- Nickname: Tara@0z

World Series of Poker
- Bracelets: 3
- Final tables: 14 (including unofficial)
- Money finishes: 111
- Highest WSOP Main Event finish: 404th, 2024

World Poker Tour
- Money finishes: 5

= Anson Tsang =

Hong Kong poker player

Anson Tsang (曾恩盛) is a Hong Kong semi-professional midstakes poker player active both on the online and the live arena.

As of October 2024, Tsang's total live tournament winnings exceeds $3,900,000. He rankes seventh among Hong Kong poker players in regard to all-time winnings.

==Career==
Tsang's biggest score came in the 2013 Asia Millions Main Event cashing for $921,004 finishing 7th. Tsang finished second in a 2017 Asia Championship of Poker event for $201,181. Through playing in cash games, Tsang had won a significant sum by 2017. Beginning that year, he started to do increased global traveling to compete in poker competitions.
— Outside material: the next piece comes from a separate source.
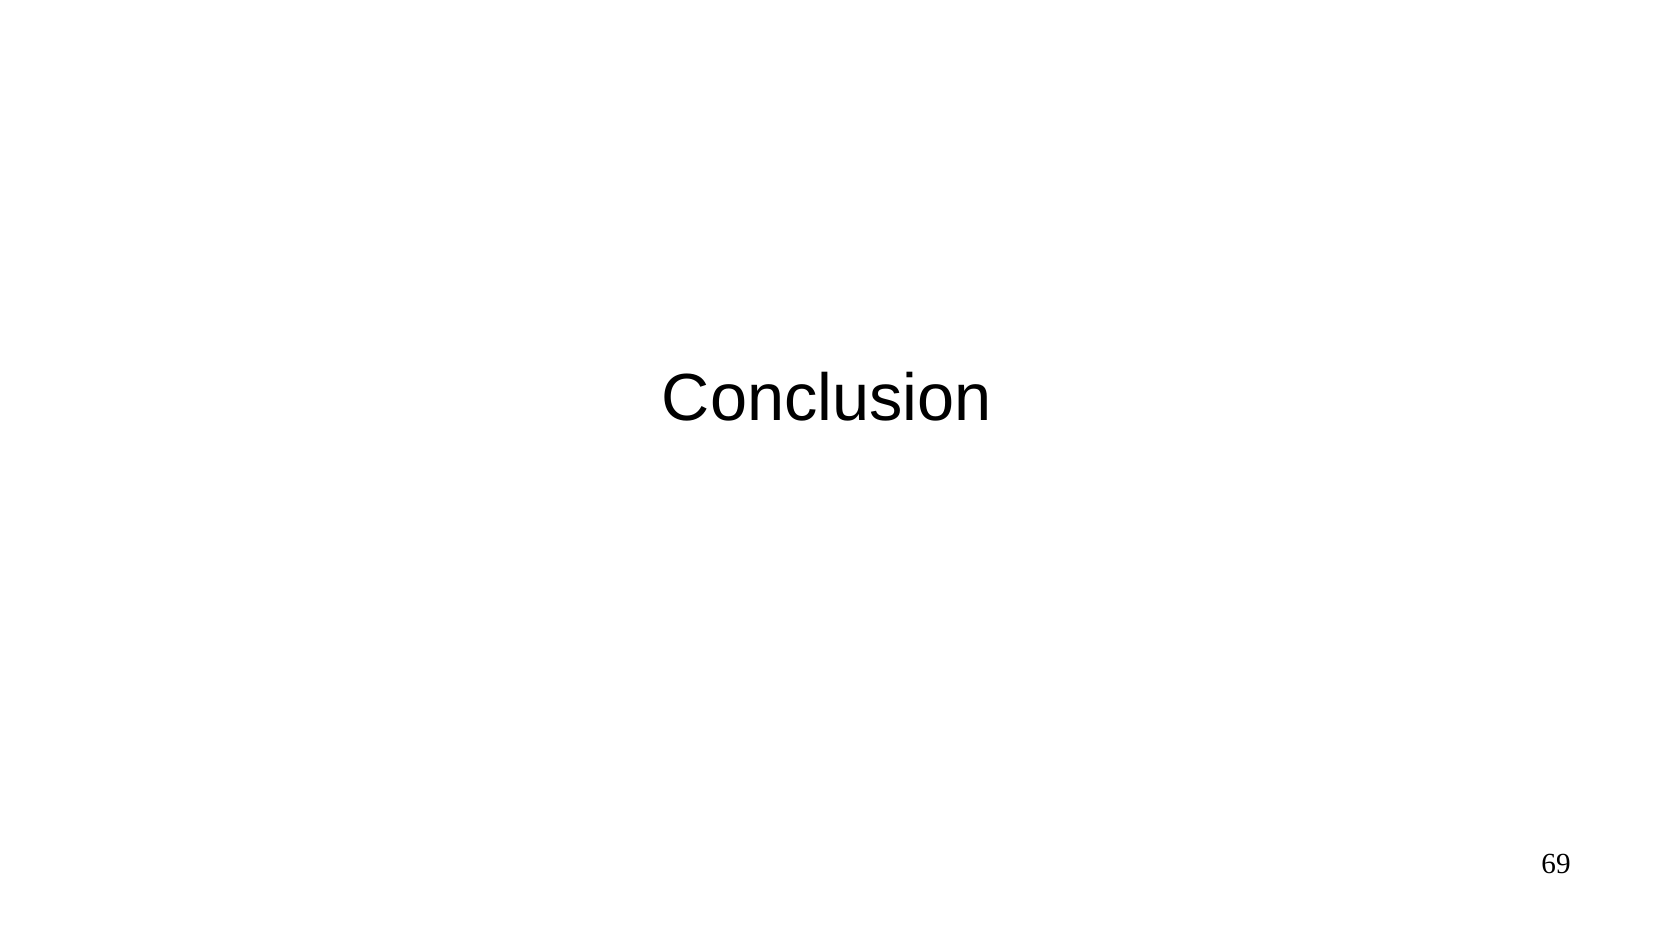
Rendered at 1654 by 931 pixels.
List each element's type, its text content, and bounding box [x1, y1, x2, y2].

subtitle Conclusion [82, 37, 1571, 757]

Tsang won the World Series of Poker bracelet in 2018. It was the first time a Hong Kong player had won the prize. Tsang finished first in €2,020 + 180 Pot Limit Omaha 8-Max (Event#7) for $105,428. He won his second World Series of Poker bracelet during the 2020 event. In the WSOP $500 Deepstack No-Limit Hold'em (Event #68), he finished first for $150,460. Tsang secured his third bracelet at the 2022 World Series of Poker in the €2,000 Pot Limit Omaha (Bracelet Event #4), finishing first for $94,525.

==Personal life==
Tsang is married and has a daughter.